Я вошел в дом, и первое, что сделал, — снял со стены огромную фотографию, где я и моя бывшая жена 10 лет назад стояли в обнимку у Ингурского водопада, не догадываясь о том, что мы когда-нибудь можем расстаться. Я ткнул фотографию в простенок за шкаф, чтобы те двое у водопада, любящие друг друга навсегда, не увидели бы, что теперь я остался один.
Я вышел на террасу, схватившись за железные, недавно подкрашенные поручни с бородавчатыми наростами от морской соли, и с машинальной ворчливостью сообразил, что перед покраской надо было ободрать эти поручни железной щеткой, а не красить по наростам.
Когда-то, стоя на раздвижной лестнице, я отдраивал такой же щеткой рыжую ржавчину с водопроводных труб виноградной беседки, а потом красил ее корабельной красной краской, голый до пояса, с телом, заляпанным, как палитра, и голова кружилась от запаха краски и магнолий, и далекий беленький пароходик уже зажигал огни на вечереющем море, оказавшись перед моим взглядом в нечаянной раме между свежелоснящимися алыми трубами, где в шершавую поверхность одной из труб моей неосторожной кистью был вмазан случайный мотылек, умирающе трепеща одним не завязшим в краске крылышком.
Я стоял на террасе, а из чердака над моей головой, задевая ее пыльными крыльями, вылетали на шабаш летучие мыши, которых в Италии называют нежно и музыкально — «пипистрелло». Это итальянское слово очень похоже на грузинское «цицинателла», что означает «светлячок», как чем-то похожи и эти щедрые, гостеприимные, веселые и, может, самые неевропейские европейские народы.

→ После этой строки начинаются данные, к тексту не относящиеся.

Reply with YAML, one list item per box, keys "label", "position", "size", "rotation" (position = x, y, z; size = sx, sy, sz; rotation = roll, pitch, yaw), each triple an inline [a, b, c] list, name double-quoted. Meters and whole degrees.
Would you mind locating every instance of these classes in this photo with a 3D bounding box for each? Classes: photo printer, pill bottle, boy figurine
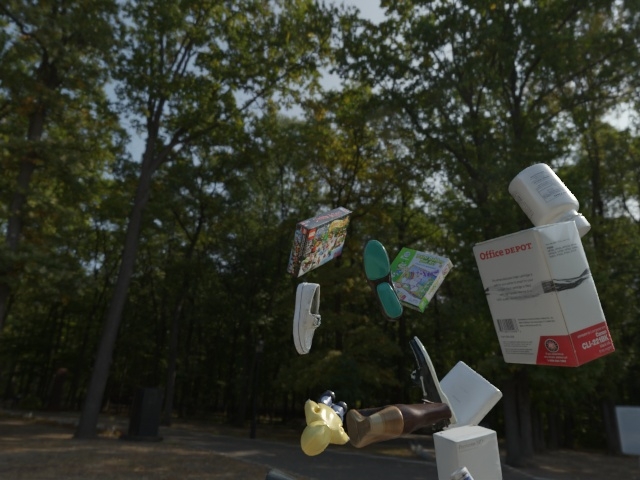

Я стоял на террасе и знал, что дома никого нет, но вдруг всем позвоночником ощутил чей-то пристальный взгляд в спину — этот взгляд упирался в меня, как нечто осязаемое, плотное.
Я медленно стал поворачиваться, словно картежник, поставивший все на последнюю карту, осторожно и суеверно вытягивая ее уголок.
Сквозь открытую дверь террасы, в глубине комнаты, где обычно спали наши дети, я увидел два мерцающих в темноте глаза.
Я вздрогнул и медленно пошел на них, потому что они звали — печально и неотступно.
Я приближался к этим глазам почти на цыпочках, стараясь не спугнуть их скрипом половиц. Мне не показалось. Глаза были. Глаза смотрели.
Это были стеклянные глаза потрепанного игрушечного льва, которым играли мои дети».